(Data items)
+ + +

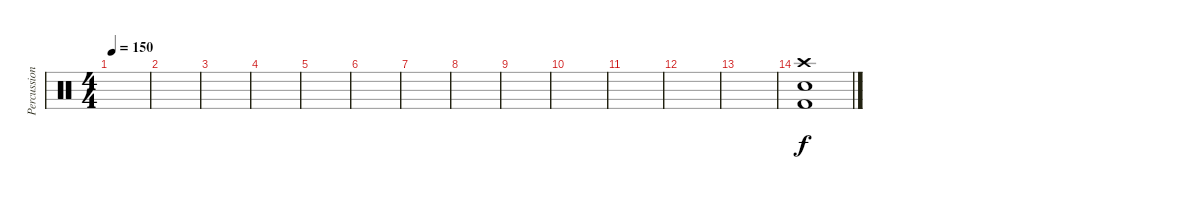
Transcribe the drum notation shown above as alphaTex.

\track ("Percussion" "Percussion") {instrument percussion}
\staff {score}
\articulation defaults
\ts (4 4)
\tempo 150
\clef neutral
\ks c
|
|
|
|
|
|
|
|
|
|
|
|
|
("Crash high (hit)" "Kick (hit) 2" "Electric Snare (hit)").1
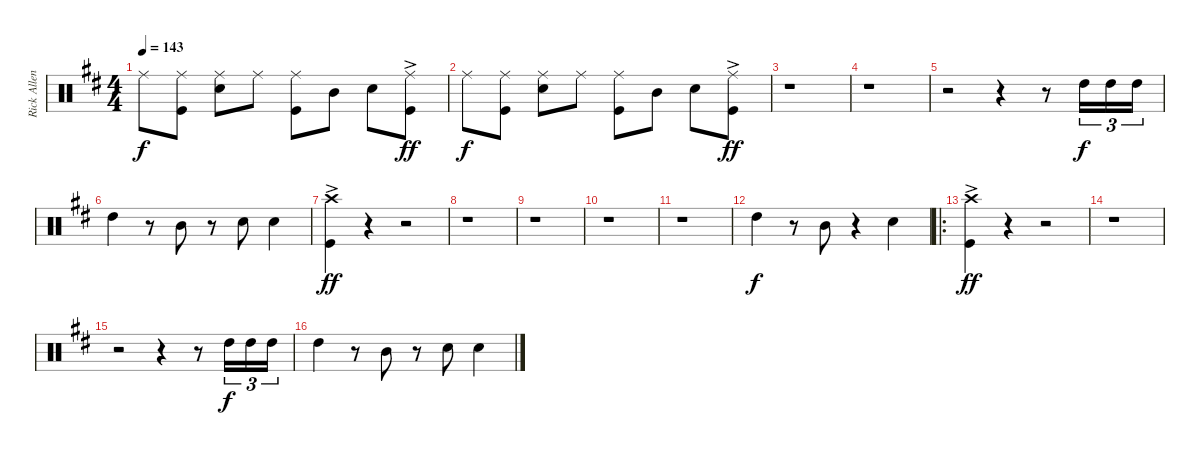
\track ("Rick Allen" "Rick Allen") {instrument percussion}
\staff {score}
\articulation defaults
\ts (4 4)
\tempo 143
\clef neutral
\ks d "Ride (middle)".8{dy f}
("Ride (middle)" "Kick (hit)").8 ("Ride (middle)" "Snare (hit) 2").8 "Ride (middle)".8 ("Ride (middle)" "Kick (hit)").8 "Mid Tom (hit)".8 "Snare (hit) 2".8 ("Ride (middle)" "Kick (hit)"{ac}).8{dy ff} |
"Ride (middle)".8{dy f} ("Ride (middle)" "Kick (hit)").8 ("Ride (middle)" "Snare (hit) 2").8 "Ride (middle)".8 ("Ride (middle)" "Kick (hit)").8 "Mid Tom (hit)".8 "Snare (hit) 2".8 ("Ride (middle)" "Kick (hit)"{ac}).8{dy ff} |
r.1 |
r.1 |
r.2 r.4 r.8 "High Tom (hit)".16{tu (3 2) dy f} "High Tom (hit)".16{tu (3 2)} "High Tom (hit)".16{tu (3 2)} |
"High Tom (hit)".4 r.8 "Mid Tom (hit)".8 r.8 "Snare (hit) 2".8 "Snare (hit) 2".4 |
("Crash high (hit)"{ac} "Kick (hit)").4{dy ff} r.4 r.2 |
r.1 |
r.1 |
r.1 |
r.1 |
"High Tom (hit)".4{dy f} r.8 "Mid Tom (hit)".8 r.4 "Snare (hit) 2".4 |
\ro
("Crash high (hit)"{ac} "Kick (hit)").4{dy ff} r.4 r.2 |
r.1 |
r.2 r.4 r.8 "High Tom (hit)".16{tu (3 2) dy f} "High Tom (hit)".16{tu (3 2)} "High Tom (hit)".16{tu (3 2)} |
"High Tom (hit)".4 r.8 "Mid Tom (hit)".8 r.8 "Snare (hit) 2".8 "Snare (hit) 2".4

+ + +

Task goal — Locate the word "middle" in the data above. Copy every line carrying it.

Exercise result —
\ks d "Ride (middle)".8{dy f}
("Ride (middle)" "Kick (hit)").8 ("Ride (middle)" "Snare (hit) 2").8 "Ride (middle)".8 ("Ride (middle)" "Kick (hit)").8 "Mid Tom (hit)".8 "Snare (hit) 2".8 ("Ride (middle)" "Kick (hit)"{ac}).8{dy ff} |
"Ride (middle)".8{dy f} ("Ride (middle)" "Kick (hit)").8 ("Ride (middle)" "Snare (hit) 2").8 "Ride (middle)".8 ("Ride (middle)" "Kick (hit)").8 "Mid Tom (hit)".8 "Snare (hit) 2".8 ("Ride (middle)" "Kick (hit)"{ac}).8{dy ff} |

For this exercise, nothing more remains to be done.